LES DIVORCES ANGLAIS, ou Procès en adultère jugés par le ban du roi et la cour ecclésiastique d’Angleterre, 3 vol. in-12, 1821-22. — Ce livre, plus scandaleux que curieux, offre le tableau des plus mauvaises mœurs, sans correctif, et sans que le lecteur puisse en tirer aucune conséquence au profit de la morale. Quoiqu’un procès célèbre nous ait fait connaître toute l’ingénuité de la justice anglaise, il était impossible de s’en faire une idée, avant la lecture des Divorces anglais, nous qui ne sommes point habitués en France aux infamies légales, qui ne pouvons concevoir comment des magistrats graves et honnêtes ont la patience et le courage de fouiller si profondément dans la fange pour y chercher la vérité. Aussi l’étonnement des Français qui ne sont point familiarisés avec les mœurs anglaises, a été grand quand ils ont lu l’ouvrage publié par M. de Châteauneuf.
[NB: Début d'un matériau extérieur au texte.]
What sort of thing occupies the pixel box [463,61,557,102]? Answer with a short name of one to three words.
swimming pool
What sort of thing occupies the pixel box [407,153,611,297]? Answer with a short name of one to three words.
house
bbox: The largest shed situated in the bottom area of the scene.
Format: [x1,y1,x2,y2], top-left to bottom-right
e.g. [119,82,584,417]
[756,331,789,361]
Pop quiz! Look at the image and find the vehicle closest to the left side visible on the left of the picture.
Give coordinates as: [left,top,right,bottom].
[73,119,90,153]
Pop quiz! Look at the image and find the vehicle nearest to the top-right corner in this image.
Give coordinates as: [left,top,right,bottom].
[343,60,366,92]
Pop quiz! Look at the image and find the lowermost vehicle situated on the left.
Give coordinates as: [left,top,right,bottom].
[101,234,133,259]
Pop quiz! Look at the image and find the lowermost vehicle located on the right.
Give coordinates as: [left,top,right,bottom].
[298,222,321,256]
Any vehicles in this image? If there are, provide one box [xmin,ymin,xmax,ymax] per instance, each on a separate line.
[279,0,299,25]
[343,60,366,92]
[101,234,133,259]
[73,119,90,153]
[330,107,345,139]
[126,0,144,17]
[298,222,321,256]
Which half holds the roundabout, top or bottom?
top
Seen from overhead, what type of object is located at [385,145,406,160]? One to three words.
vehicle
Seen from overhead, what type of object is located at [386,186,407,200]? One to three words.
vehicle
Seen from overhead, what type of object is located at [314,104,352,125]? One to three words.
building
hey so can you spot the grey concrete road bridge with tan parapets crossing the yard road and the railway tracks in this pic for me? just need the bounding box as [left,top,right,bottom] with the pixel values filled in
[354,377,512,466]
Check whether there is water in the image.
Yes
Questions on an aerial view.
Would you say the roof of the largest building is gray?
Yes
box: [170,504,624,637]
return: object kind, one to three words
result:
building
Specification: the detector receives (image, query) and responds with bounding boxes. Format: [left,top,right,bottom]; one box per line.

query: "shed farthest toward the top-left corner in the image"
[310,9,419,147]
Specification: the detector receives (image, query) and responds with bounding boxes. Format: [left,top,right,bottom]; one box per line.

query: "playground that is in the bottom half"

Que l’Angleterre ait ses Messalines, ses Faustines et ses Julies, c’est le sort de toutes les vieilles nations ; qu’une duchesse se passionne pour son cocher ; que de très-grandes dames préfèrent un joli jockey ou un grand laquais à un lord peu galant et souvent peu aimable, c’est ce qu’on trouverait sur d’autres rives que celles de la Tamise ; mais que dans le sanctuaire de la justice on parle un langage, on se complaise dans des détails qui révolteraient dans un roman libertin ; que le juge provoque des descriptions plus qu’érotiques, et ordonne à des témoins de joindre la pantomime à des discours déjà trop obscènes ; qu’une jeune demoiselle soit interrogée sur ce qu’elle a vu par le trou de la serrure, qu’on la force à s’expliquer en termes exempts d’ambiguïté, et qu’on exige d’elle une exactitude physiologique ; que des hommes, des femmes viennent révéler les turpitudes de leurs frères, de leurs sœurs, de leurs parents, et que, pour prouver la criminal conversation, ils animent par une impudente prosopopée et fassent parler les lits, les sophas et tous les meubles favorables à la débauche, voilà ce que, dans notre Paris, tout corrompu qu’il est, nous ne connaissions pas encore ; voilà ce que M. de Châteauneuf nous a révélé dans un style plus que naïf. Dans le premier volume, on voit figurer les noms les plus imposants ; le second et le troisième volume ne contiennent que les aventures scandaleuses d’une chanteuse, d’une comédienne, de la veuve d’un miroitier et de quelques autres personnes des classes infimes de la société.

Nous connaissons encore de cet auteur : Les Favorites du roi de France, 2 vol. in-12, 1826.